I did in my late thirties. I have two books with my agent and I’m writing the third. The idea that youth is the only field of battle is a dangerous delusion. It’s sad that Jay never got to see this book come out. I lost my grandfather to prostate cancer, and that was the start of the changes I made in my own life.
Great Big Idea! As another woman in her forties I just bought this on Amazon after reading this. I am sorry for your loss.
Wow, this resonates for me too, though mine is the slow change of progressive MS. (Boy, do I want a Threep). Not so dramatic but a challenge none the less. Purchased and saving it for my Holiday break.
I’m at the middle end of a life change myself (Please, FSM, let it be the middle end, rather than the middle middle). I bought it right away. although it was the cover art that got me first.
Excellent!
Like the authors, I love traditional “coming-of-age” stories and am glad there are so many now with non-traditional young protagonists, but … but …
I’m a “late-bloomer” myself, and I am so much more *alive* than I was as a young person – so much more interested in others and (I like to think) interesting to others.
This book will be added to my TBR list for sure. :-)
(Sorry for double-posting – should have checked this first.)
Question for the author:
Amazon says this novel is set on the same world as Jay Lake’s _Green_.
Do I need to read _Green_ first, in order to best enjoy _Our Lady of the Islands_?
Thanks!
Old Aggie–no, not at all–this is entirely a different story. (Though Green is an awesome book too!) :-)
Thank you, thank you, thank you! for writing a book about new beginnings for us middle-aged women. Can’t wait to read it!
AW YISS books about the no-longer-young! I could certainly do with a few more of them. This book is on my list.
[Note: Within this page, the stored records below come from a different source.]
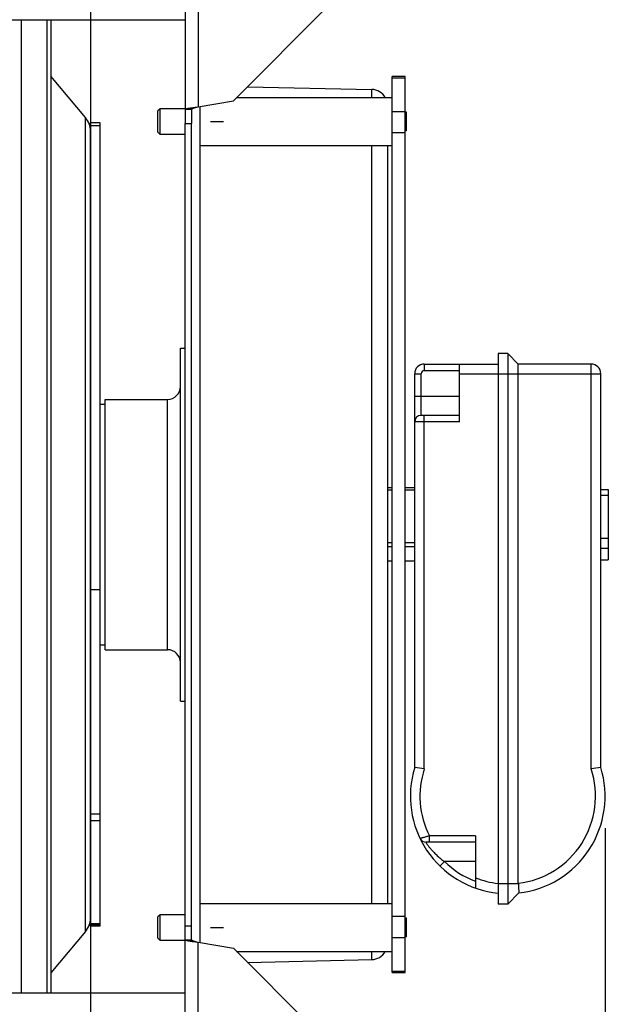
# Model space of a CAD drawing. Extents: x 0 to 420, y 0 to 297.
# Tile 6 of 15: x 225 to 244, y 101 to 132. Entities that reach past the tile are written whole.
import ezdxf

# ---------------------------------------------------------------- set-up
doc = ezdxf.new("R2010")
doc.units = 0
doc.header["$LTSCALE"] = 23.1
doc.layers.get('0').update_dxf_attribs({"linetype": 'CONTINUOUS'})
for name, color, linetype in [('110528_DXF_CONTINUOUS_LINE', 7, 'CONTINUOUS'), ('110528_DXF_DIMENSION', 7, 'CONTINUOUS'), ('110536_DXF_CONTINUOUS_LINE', 7, 'CONTINUOUS'), ('110536_DXF_DIMENSION', 7, 'CONTINUOUS'), ('110618_DXF_CONTINUOUS_LINE', 7, 'CONTINUOUS'), ('110801_DXF_CONTINUOUS_LINE', 7, 'CONTINUOUS'), ('111735_DXF_CONTINUOUS_LINE', 7, 'CONTINUOUS'), ('111736_DXF_CONTINUOUS_LINE', 7, 'CONTINUOUS'), ('ASEM_65-75-10_DXF_DIMENSIO', 7, 'CONTINUOUS'), ('MOTOR_UNIT_DDXF_CONTINUOUS', 7, 'CONTINUOUS')]:
    doc.layers.add(name, color=color, linetype=linetype)
doc.styles.get("Standard").update_dxf_attribs({"font": 'txt', "width": 0.7})
doc.dimstyles.new('DIMSTYLE_1', dxfattribs={"dimtxt": 3.5, "dimasz": 3, "dimexe": 1.5, "dimexo": 1, "dimgap": 0.875, "dimtad": 1, "dimdec": 0, "dimlfac": 10, "dimtxsty": 'STANDARD', "dimblk": '_ARROW_FILLED', "dimblk1": '_ARROW_FILLED', "dimblk2": '_ARROW_FILLED', "dimcen": 0.09, "dimazin": 3, "dimtp": 0.8, "dimtm": 0.8, "dimtfac": 1, "dimtdec": 0, "dimtofl": 0, "dimtmove": 0, "dimatfit": 3, "dimtolj": 1})
doc.dimstyles.new('DIMSTYLE_2', dxfattribs={"dimtxt": 3.5, "dimasz": 3, "dimexe": 1.5, "dimexo": 1, "dimgap": 0.875, "dimtad": 1, "dimdec": 3, "dimlfac": 10, "dimtxsty": 'STANDARD', "dimblk": '_ARROW_FILLED', "dimblk1": '_ARROW_FILLED', "dimblk2": '_ARROW_FILLED', "dimcen": 0.09, "dimazin": 3, "dimtp": 0.8, "dimtm": 0.8, "dimtfac": 1, "dimtdec": 3, "dimtofl": 0, "dimtmove": 0, "dimatfit": 3, "dimtolj": 1})

# ---------------------------------------------------------------- blocks, each defined once
blk = doc.blocks.new('_ARROW_FILLED')
at = {"color": 0, "linetype": 'BYBLOCK'}
blk.add_solid([(0, 0), (-1, 0.167), (-1, -0.167)], dxfattribs=at)
blk = doc.blocks.new('*D1')
at = {"layer": 'ASEM_65-75-10_DXF_DIMENSIO', "color": 2, "linetype": 'CONTINUOUS'}
for p, q in [((235.656, 143.259), (266.836, 143.259)), ((265.336, 143.259), (265.336, 115.832)), ((265.336, 88.406), (265.336, 115.832)), ((235.656, 88.406), (241.241, 88.406)), ((245.241, 88.406), (266.836, 88.406))]:
    blk.add_line(p, q, dxfattribs=at)
at = {"layer": 'ASEM_65-75-10_DXF_DIMENSIO', "color": 2, "linetype": 'CONTINUOUS', "xscale": 3, "yscale": 3, "zscale": 3}
for p, rotation in [((265.336, 143.259), 90), ((265.336, 88.406), 270)]:
    blk.add_blockref('_ARROW_FILLED', p, dxfattribs=dict(at, rotation=rotation))
at = {"layer": 'ASEM_65-75-10_DXF_DIMENSIO', "color": 2, "linetype": 'CONTINUOUS', "insert": (260.961, 115.832), "char_height": 3.5, "width": 12, "attachment_point": 2, "rotation": 90}
blk.add_mtext('549', dxfattribs=at)
blk = doc.blocks.new('*D6')
at = {"layer": 'ASEM_65-75-10_DXF_DIMENSIO', "color": 2, "linetype": 'CONTINUOUS'}
for p, q in [((151.106, 106.957), (151.106, 41.22)), ((243.241, 106.367), (243.241, 41.22)), ((151.106, 42.72), (197.174, 42.72)), ((243.241, 42.72), (197.174, 42.72))]:
    blk.add_line(p, q, dxfattribs=at)
at = {"layer": 'ASEM_65-75-10_DXF_DIMENSIO', "color": 2, "linetype": 'CONTINUOUS', "xscale": 3, "yscale": 3, "zscale": 3, "rotation": 180}
blk.add_blockref('_ARROW_FILLED', (151.106, 42.72), dxfattribs=at)
at = {"layer": 'ASEM_65-75-10_DXF_DIMENSIO', "color": 2, "linetype": 'CONTINUOUS', "xscale": 3, "yscale": 3, "zscale": 3}
blk.add_blockref('_ARROW_FILLED', (243.241, 42.72), dxfattribs=at)
at = {"layer": 'ASEM_65-75-10_DXF_DIMENSIO', "color": 2, "linetype": 'CONTINUOUS', "insert": (197.174, 47.095), "char_height": 3.5, "width": 11.25, "attachment_point": 2}
blk.add_mtext('921', dxfattribs=at)
blk = doc.blocks.new('*D8')
at = {"layer": '110536_DXF_DIMENSION', "color": 2, "linetype": 'CONTINUOUS'}
for p, q in [((236.348, 141.332), (256.836, 141.332)), ((255.336, 141.332), (255.336, 115.832)), ((255.336, 90.332), (255.336, 115.832)), ((236.348, 90.332), (241.241, 90.332)), ((245.241, 90.332), (256.836, 90.332))]:
    blk.add_line(p, q, dxfattribs=at)
at = {"layer": '110536_DXF_DIMENSION', "color": 2, "linetype": 'CONTINUOUS', "xscale": 3, "yscale": 3, "zscale": 3}
for p, rotation in [((255.336, 141.332), 90), ((255.336, 90.332), 270)]:
    blk.add_blockref('_ARROW_FILLED', p, dxfattribs=dict(at, rotation=rotation))
at = {"layer": '110536_DXF_DIMENSION', "color": 2, "linetype": 'CONTINUOUS', "insert": (250.961, 115.832), "char_height": 3.5, "width": 10.875, "attachment_point": 2, "rotation": 90}
blk.add_mtext('510', dxfattribs=at)

msp = doc.modelspace()

# ---------------------------------------------------------------- linework, layer by layer
at = {"layer": '110528_DXF_CONTINUOUS_LINE', "color": 9, "linetype": 'CONTINUOUS'}
for p, q in [((225.04114, 131.56314), (225.04114, 101.2323)), ((227.04973, 103.15107), (227.04973, 128.51353))]:
    msp.add_line(p, q, dxfattribs=at)
at = {"layer": '110528_DXF_CONTINUOUS_LINE', "color": 7, "linetype": 'CONTINUOUS'}
msp.add_line((225.84018, 131.56314), (225.84018, 101.2323), dxfattribs=at)
at = {"layer": '110528_DXF_CONTINUOUS_LINE', "color": 3, "linetype": 'CONTINUOUS'}
for p, q in [((225.97008, 131.56314), (225.97008, 101.2323)), ((227.04973, 128.51353), (225.97008, 129.80021)), ((227.2018, 103.56888), (227.2018, 106.60198)), ((227.04973, 103.15107), (225.97008, 101.86439))]:
    msp.add_line(p, q, dxfattribs=at)
for centre, start, end in [((226.5518, 128.09572), 0, 40), ((226.5518, 103.56888), 320, 360)]:
    msp.add_arc(centre, 0.65, start, end, dxfattribs=at)
at = {"layer": '110528_DXF_DIMENSION', "color": 2, "linetype": 'CONTINUOUS'}
msp.add_line((227.2018, 157.08172), (227.2018, 74.58287), dxfattribs=at)
at = {"layer": '110536_DXF_CONTINUOUS_LINE', "color": 3, "linetype": 'CONTINUOUS'}
for p, q in [((230.15631, 139.02434), (230.15631, 128.3323)), ((234.65631, 132.0376), (231.65631, 129.0376)), ((230.55631, 128.84364), (231.65631, 129.0376)), ((230.15631, 92.64025), (230.15631, 128.3323)), ((230.55631, 102.82095), (231.65631, 102.62699)), ((234.65631, 99.62699), (231.65631, 102.62699))]:
    msp.add_line(p, q, dxfattribs=at)
at = {"layer": '110536_DXF_CONTINUOUS_LINE', "color": 9, "linetype": 'CONTINUOUS'}
for p, q in [((230.55631, 139.08455), (230.55631, 128.84364)), ((230.55631, 92.58004), (230.55631, 102.82095))]:
    msp.add_line(p, q, dxfattribs=at)
at = {"layer": '110536_DXF_CONTINUOUS_LINE', "color": 7, "linetype": 'CONTINUOUS'}
for p, q in [((230.15631, 128.77062), (230.35631, 128.77062)), ((230.35631, 128.77062), (230.35631, 128.3323)), ((230.15631, 128.3323), (230.35631, 128.3323)), ((230.35631, 102.89398), (230.35631, 128.3323)), ((230.15631, 103.3323), (230.35631, 103.3323)), ((230.15631, 102.89398), (230.35631, 102.89398))]:
    msp.add_line(p, q, dxfattribs=at)
at = {"layer": '110536_DXF_CONTINUOUS_LINE', "color": 3, "linetype": 'CONTINUOUS'}
for points in [[(230.15631, 128.77062), (230.15631, 128.7746), (230.16821, 128.78334), (230.19051, 128.79024), (230.22791, 128.79942), (230.29969, 128.81186), (230.41091, 128.82678), (230.50526, 128.83771), (230.55631, 128.84364)], [(230.15631, 102.89398), (230.15631, 102.89), (230.16821, 102.88125), (230.19051, 102.87436), (230.22791, 102.86518), (230.29969, 102.85273), (230.41091, 102.83781), (230.50526, 102.82688), (230.55631, 102.82095)]]:
    msp.add_open_spline(points, degree=3, knots=[0, 0, 0, 0, 0.0290834, 0.08885385, 0.18164624, 0.30490852, 0.62429132, 1, 1, 1, 1], dxfattribs=at)
at = {"layer": '110536_DXF_CONTINUOUS_LINE', "color": 7, "linetype": 'CONTINUOUS'}
for points in [[(230.35631, 128.77062), (230.35631, 128.77854), (230.37932, 128.79562), (230.42033, 128.80928), (230.48363, 128.827), (230.53076, 128.83771), (230.55631, 128.84364)], [(230.35631, 102.89398), (230.35631, 102.88605), (230.37932, 102.86897), (230.42033, 102.85531), (230.48363, 102.8376), (230.53076, 102.82689), (230.55631, 102.82095)]]:
    msp.add_open_spline(points, degree=3, knots=[0, 0, 0, 0, 0.1095964, 0.32647794, 0.63723776, 1, 1, 1, 1], dxfattribs=at)
at = {"layer": '110618_DXF_CONTINUOUS_LINE', "color": 7, "linetype": 'CONTINUOUS'}
for p, q in [((227.5018, 128.3498), (227.2018, 128.3498)), ((227.5018, 103.31479), (227.5018, 128.3498)), ((227.5018, 106.60198), (227.2018, 106.60198)), ((227.5018, 103.3517), (227.2018, 103.3517)), ((227.5018, 103.31479), (227.2018, 103.31479))]:
    msp.add_line(p, q, dxfattribs=at)
at = {"layer": '110618_DXF_CONTINUOUS_LINE', "color": 3, "linetype": 'CONTINUOUS'}
for p, q in [((227.2018, 106.60198), (227.2018, 128.3498)), ((227.2018, 103.31479), (227.2018, 103.56888))]:
    msp.add_line(p, q, dxfattribs=at)
at = {"layer": '110618_DXF_CONTINUOUS_LINE', "color": 9, "linetype": 'CONTINUOUS'}
for p, q in [((227.5018, 128.25718), (227.2018, 128.25718)), ((227.2018, 113.80466), (227.5018, 113.80466)), ((227.5018, 106.80604), (227.2018, 106.80604)), ((227.5018, 103.39385), (227.2018, 103.39385))]:
    msp.add_line(p, q, dxfattribs=at)
at = {"layer": '110801_DXF_CONTINUOUS_LINE', "color": 7, "linetype": 'CONTINUOUS'}
for p, q in [((157.95631, 131.56314), (230.15631, 131.56314)), ((230.15631, 101.2323), (157.95631, 101.2323))]:
    msp.add_line(p, q, dxfattribs=at)
at = {"layer": '111735_DXF_CONTINUOUS_LINE', "color": 7, "linetype": 'CONTINUOUS'}
for p, q in [((227.5018, 119.5823), (227.65631, 119.5823)), ((227.5018, 112.0823), (227.65631, 112.0823))]:
    msp.add_line(p, q, dxfattribs=at)
at = {"layer": '111736_DXF_CONTINUOUS_LINE', "color": 7, "linetype": 'CONTINUOUS'}
for p, q in [((230.00631, 121.3323), (230.15631, 121.3323)), ((230.00631, 110.33232), (230.00631, 121.33227)), ((227.65631, 119.7323), (229.60631, 119.7323)), ((227.65631, 111.9323), (227.65631, 119.7323)), ((227.65631, 111.9323), (229.60631, 111.9323)), ((230.00631, 110.3323), (230.15631, 110.3323))]:
    msp.add_line(p, q, dxfattribs=at)
at = {"layer": '111736_DXF_CONTINUOUS_LINE', "color": 9, "linetype": 'CONTINUOUS'}
msp.add_line((229.60631, 111.9323), (229.60631, 119.7323), dxfattribs=at)
at = {"layer": '111736_DXF_CONTINUOUS_LINE', "color": 7, "linetype": 'CONTINUOUS'}
for centre, start, end in [((229.60631, 120.1323), 270, 360), ((229.60631, 111.5323), 0, 90)]:
    msp.add_arc(centre, 0.4, start, end, dxfattribs=at)
at = {"layer": 'MOTOR_UNIT_DDXF_CONTINUOUS', "color": 9, "linetype": 'CONTINUOUS'}
for p, q in [((237.00631, 129.79621), (236.60631, 129.79621)), ((236.60631, 101.86838), (236.60631, 129.79621)), ((237.00631, 101.86838), (237.00631, 129.79621)), ((237.00631, 129.74501), (236.60631, 129.74501)), ((232.09463, 129.47593), (235.96741, 129.38986)), ((235.96741, 129.13966), (235.96741, 129.38986)), ((231.75837, 129.13966), (236.60631, 129.13966)), ((229.37431, 128.78966), (229.30631, 128.72166)), ((229.30631, 128.05766), (229.30631, 128.72166)), ((230.15631, 128.78966), (229.37431, 128.78966)), ((229.37431, 127.98966), (229.37431, 128.78966)), ((230.60631, 128.85246), (230.60631, 102.81213)), ((236.60631, 128.70598), (237.00631, 128.70598)), ((237.05631, 128.67834), (237.00631, 128.67834)), ((237.05631, 128.10099), (237.05631, 128.67834)), ((230.94631, 128.38966), (231.34825, 128.38966)), ((237.05631, 128.534), (237.00631, 128.534)), ((229.37431, 127.98966), (229.30631, 128.05766)), ((230.15631, 127.98966), (229.37431, 127.98966)), ((236.60631, 128.0497), (237.00631, 128.0497)), ((237.05631, 128.24533), (237.00631, 128.24533)), ((237.05631, 128.10099), (237.00631, 128.10099)), ((230.60631, 127.63966), (236.60631, 127.63966)), ((235.96741, 104.02493), (235.96741, 127.63966)), ((236.45631, 127.63966), (236.45631, 104.02493)), ((240.20631, 121.1623), (239.90631, 121.1623)), ((239.90631, 121.1623), (239.90631, 104.0023)), ((240.53631, 120.8323), (240.20631, 121.1623)), ((240.20631, 121.1623), (240.20631, 104.0023)), ((237.60631, 120.8323), (239.90631, 120.8323)), ((237.60631, 120.8323), (237.60631, 120.6323)), ((237.60631, 120.6323), (238.70631, 120.6323)), ((238.70631, 119.0323), (238.70631, 120.8323)), ((242.80631, 120.8323), (240.53631, 120.8323)), ((240.53631, 104.65228), (240.53631, 120.8323)), ((242.80631, 108.21596), (242.80631, 120.8323)), ((237.30631, 120.5323), (237.50631, 120.5323)), ((237.30631, 108.26241), (237.30631, 120.5323)), ((237.50631, 119.2323), (237.50631, 120.5323)), ((238.70631, 120.5323), (243.10631, 120.5323)), ((243.10631, 108.26241), (243.10631, 120.5323)), ((237.30631, 119.8323), (238.70631, 119.8323)), ((238.70631, 119.2323), (237.50631, 119.2323)), ((237.60631, 108.21596), (237.60631, 119.2323)), ((238.70631, 119.0323), (237.30631, 119.0323)), ((236.60631, 116.97333), (236.45631, 116.97333)), ((236.60631, 116.89921), (236.45631, 116.89921)), ((237.30631, 116.97333), (237.00631, 116.97333)), ((237.30631, 116.89921), (237.00631, 116.89921)), ((243.10631, 116.92889), (243.33631, 116.92889)), ((243.33631, 116.92889), (243.33631, 114.7357)), ((243.10631, 116.74608), (243.33631, 116.74608)), ((243.10631, 115.41027), (243.33631, 115.41027)), ((236.60631, 115.25714), (236.45631, 115.25714)), ((236.60631, 115.13466), (236.45631, 115.13466)), ((237.30631, 115.25714), (237.00631, 115.25714)), ((237.30631, 115.13466), (237.00631, 115.13466)), ((243.10631, 115.09363), (243.33631, 115.09363)), ((236.60631, 114.69467), (236.45631, 114.69467)), ((236.60631, 114.69126), (236.45631, 114.69126)), ((237.30631, 114.69467), (237.00631, 114.69467)), ((237.30631, 114.69126), (237.00631, 114.69126)), ((243.10631, 114.7357), (243.33631, 114.7357)), ((239.20631, 105.9323), (237.65444, 105.9323)), ((239.20631, 106.1323), (237.76602, 106.1323)), ((237.76602, 105.9323), (237.76602, 106.1323)), ((239.20631, 106.1323), (239.20631, 104.50177)), ((238.23248, 105.3323), (238.09323, 105.18873)), ((239.20631, 105.3323), (238.23248, 105.3323)), ((240.53697, 104.6323), (239.90631, 104.6323)), ((240.55659, 104.35258), (240.20631, 104.0023)), ((230.60631, 104.02493), (236.60631, 104.02493)), ((240.20631, 104.0023), (239.90631, 104.0023)), ((229.37431, 103.67493), (229.30631, 103.60693)), ((229.30631, 102.94293), (229.30631, 103.60693)), ((230.15631, 103.67493), (229.37431, 103.67493)), ((229.37431, 102.87493), (229.37431, 103.67493)), ((237.00631, 103.6149), (236.60631, 103.6149)), ((237.05631, 103.5636), (237.00631, 103.5636)), ((237.05631, 103.41927), (237.00631, 103.41927)), ((237.05631, 102.98625), (237.05631, 103.5636)), ((230.94631, 103.27493), (231.34825, 103.27493)), ((237.05631, 103.13059), (237.00631, 103.13059)), ((229.37431, 102.87493), (229.30631, 102.94293)), ((230.15631, 102.87493), (229.37431, 102.87493)), ((237.00631, 102.95861), (236.60631, 102.95861)), ((237.05631, 102.98625), (237.00631, 102.98625)), ((231.75837, 102.52493), (236.60631, 102.52493)), ((235.96741, 102.27473), (235.96741, 102.52493)), ((232.09463, 102.18867), (235.96741, 102.27473)), ((236.60631, 101.91958), (237.00631, 101.91958)), ((236.60631, 101.86838), (237.00631, 101.86838))]:
    msp.add_line(p, q, dxfattribs=at)
for centre, radius, start, end in [((235.95631, 128.88999), 0.5, 29.959258, 88.72697), ((237.60631, 120.5323), 0.3, 90, 180), ((237.60631, 120.5323), 0.1, 90, 180), ((242.80631, 120.5323), 0.3, 0, 90), ((237.50631, 119.0323), 0.2, 90, 180), ((240.20631, 107.3673), 3.035, 162.846676, 264.327233), ((231.56309, 70.17833), 38.51469, 80.972598, 81.424208), ((240.20631, 107.3673), 2.735, 161.922905, 206.843426), ((240.20631, 107.3673), 2.735, 276.930087, 18.077095), ((240.20631, 107.3673), 3.035, 276.627504, 17.153324), ((248.84952, 70.17833), 38.51469, 98.575792, 99.027402), ((237.65444, 106.1323), 0.2, 205.82514, 270), ((240.20631, 107.3673), 2.835, 225.874216, 249.345389), ((240.20631, 107.3673), 2.735, 248.553597, 263.7026), ((240.83715, 104.65224), 0.30084, 179.992838, 183.801157), ((272.84419, 106.7578), 32.37707, 183.764084, 184.260303), ((235.95631, 102.77461), 0.5, 271.27303, 330.040742)]:
    msp.add_arc(centre, radius, start, end, dxfattribs=at)
for points, knots in [([(237.76602, 106.1323), (237.74725, 106.12646), (237.71038, 106.1151), (237.65673, 106.09879), (237.60709, 106.08393), (237.56911, 106.0727), (237.54216, 106.0648), (237.52503, 106.0598), (237.5102, 106.0555), (237.49785, 106.05192), (237.48915, 106.04942), (237.48355, 106.04779), (237.48033, 106.04689), (237.47794, 106.04613), (237.47592, 106.04572), (237.47527, 106.04523), (237.47436, 106.04528), (237.47442, 106.04517)], [0, 0, 0, 0, 0.19374958, 0.38031646, 0.55276739, 0.70450142, 0.7707076, 0.82955832, 0.88045379, 0.92286247, 0.95633011, 0.96959643, 0.98050265, 0.98901395, 0.99510902, 0.99877521, 1, 1, 1, 1]), ([(237.65444, 105.9323), (237.6548, 105.93206), (237.65542, 105.93033), (237.6578, 105.9274), (237.6611, 105.92192), (237.66601, 105.91461), (237.67221, 105.90522), (237.68316, 105.88899), (237.70009, 105.86445), (237.72437, 105.83068), (237.7536, 105.79186), (237.78745, 105.74917), (237.83969, 105.6868), (237.91335, 105.60626), (238.01133, 105.51101), (238.11825, 105.41859), (238.19377, 105.36046), (238.23248, 105.3323)], [0, 0, 0, 0, 0.00153042, 0.0061101, 0.013707, 0.02426846, 0.03772015, 0.05396822, 0.09439049, 0.14445438, 0.20289698, 0.26837118, 0.33954379, 0.49419119, 0.65895585, 0.82859025, 1, 1, 1, 1])]:
    msp.add_open_spline(points, degree=3, knots=knots, dxfattribs=at)

# ---------------------------------------------------------------- dimensions: what is measured, and where the dimension line sits
at = {"layer": '110536_DXF_DIMENSION', "color": 2, "linetype": 'CONTINUOUS'}
dim = msp.add_linear_dim(base=(255.33631, 141.3323), p1=(235.34786, 90.3323), p2=(235.34786, 141.3323), angle=90, dimstyle='DIMSTYLE_2', dxfattribs=at)
dim.commit()
dim.dimension.update_dxf_attribs({"geometry": '*D8', "text_midpoint": (255.33631, 115.33229), "dimtype": 160})
at = {"layer": 'ASEM_65-75-10_DXF_DIMENSIO', "color": 2, "linetype": 'CONTINUOUS'}
dim = msp.add_linear_dim(base=(265.33631, 88.40564), p1=(234.65631, 143.25895), p2=(234.65631, 88.40564), angle=270, dimstyle='DIMSTYLE_1', dxfattribs=at)
dim.commit()
dim.dimension.update_dxf_attribs({"geometry": '*D1', "text_midpoint": (265.33631, 115.3323), "dimtype": 160})
dim = msp.add_linear_dim(base=(243.24131, 42.72045), p1=(151.10631, 107.9573), p2=(243.24131, 107.3673), dimstyle='DIMSTYLE_1', dxfattribs=at)
dim.commit()
dim.dimension.update_dxf_attribs({"geometry": '*D6', "text_midpoint": (196.67381, 42.72045), "dimtype": 160})

doc.saveas('drawing.dxf')

It is now in my Nook. I am also 48. I cling to something I read about Laura Ingalls Wilder: Her first book wasn’t published until she was in her 60’s.
One of my favourite books is Bujold’s Paladin of Souls, in part, because the heroine is 40. Putting this on my “look at this” list.
Bought and now on my Kindle.
(Thanks for making it DRM free. That allowed me to buy it from a site other than Amazon.)
I done clicked on the B&N link. $9.99, and as a middle-aged woman who misses Jay, how could I not?
As a woman pushing 40 myself, I think this sounds fantastic! *adds to list*
@Sarakatewn – I ditto re Paladin of Souls. Another book with an older female lead is Wheel of the Infinite by Martha Wells. Both are much reread treasures. I am looking forward to this as well.
Thank you for writing a book with an older protagonist. It’s now on my to-read list.
Seconding the recommendation of Wheel of the Infinite. The main character even has some gray (gasp) hair.